Our findings had practical implications across several fields. In performance optimization, the model can help coaches design training programs to enhance running efficiency through active arm swing, which stabilizes upper body rotation. In rehabilitation, it provides insights for developing retraining exercises that improve stability and reduce strain for patients with motor impairments. Additionally, the model can guide the development of assistive devices, such as robotic limbs and exoskeletons, optimizing their design to replicate human stability mechanisms. These applications demonstrate the broader impact of this modeling approach beyond traditional experimental methods. Although further validation with diverse populations is necessary to confirm the robustness and accuracy of the suggested model for clinical use.

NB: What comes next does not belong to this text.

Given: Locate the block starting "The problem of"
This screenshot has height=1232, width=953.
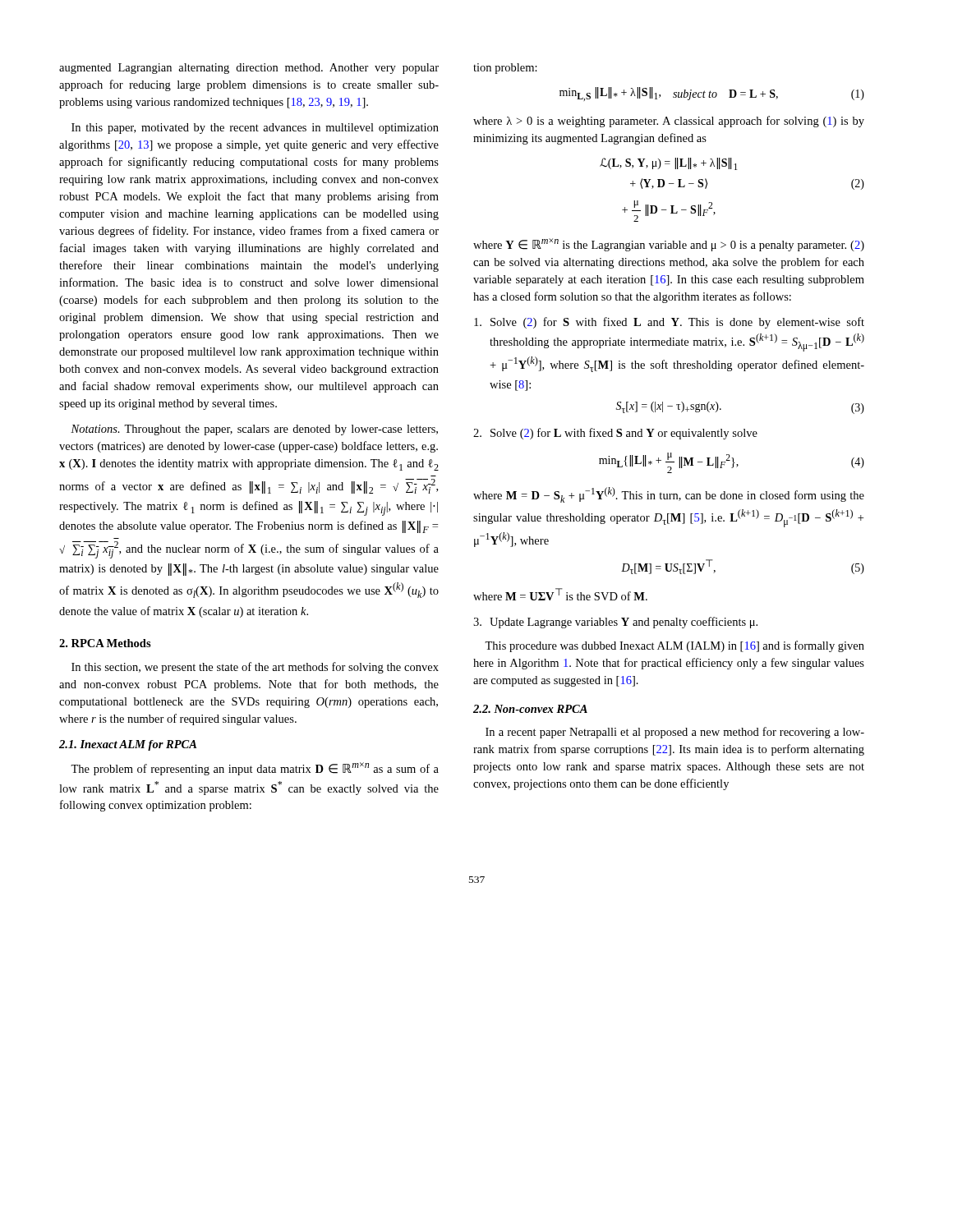Looking at the screenshot, I should click(x=249, y=786).

In this study, we simulated active arm swing, fixed arm, and passive arm swing during running using forward dynamics-based musculoskeletal models with novel running controllers trained using a deep RL method. Our findings demonstrate that active arm swing during running significantly improves upper body stability and enhances metabolic energy efficiency. The underlying mechanism for the reduction in energy consumption by active arm swing during running can be explained by the thoracopelvic rotation and metabolic energy consumption in the muscles around the lower limb and torso. We observed that restriction of arm swing causes angular instabilities and increases whole-body angular momentum in the direction of the longitudinal axis. This underscores the importance of arm movements in maintaining stability and efficiency during high-speed locomotion. The innovative approach employed in this study, combining musculoskeletal modeling with deep reinforcement learning, has provided valuable insights into the biomechanics and energetics of running. These findings significantly enhance our understanding of the role of arm movements during running and have potential implications for various fields, including sports science, rehabilitation, and the design of running-capable humanoid robots and prosthetic limbs.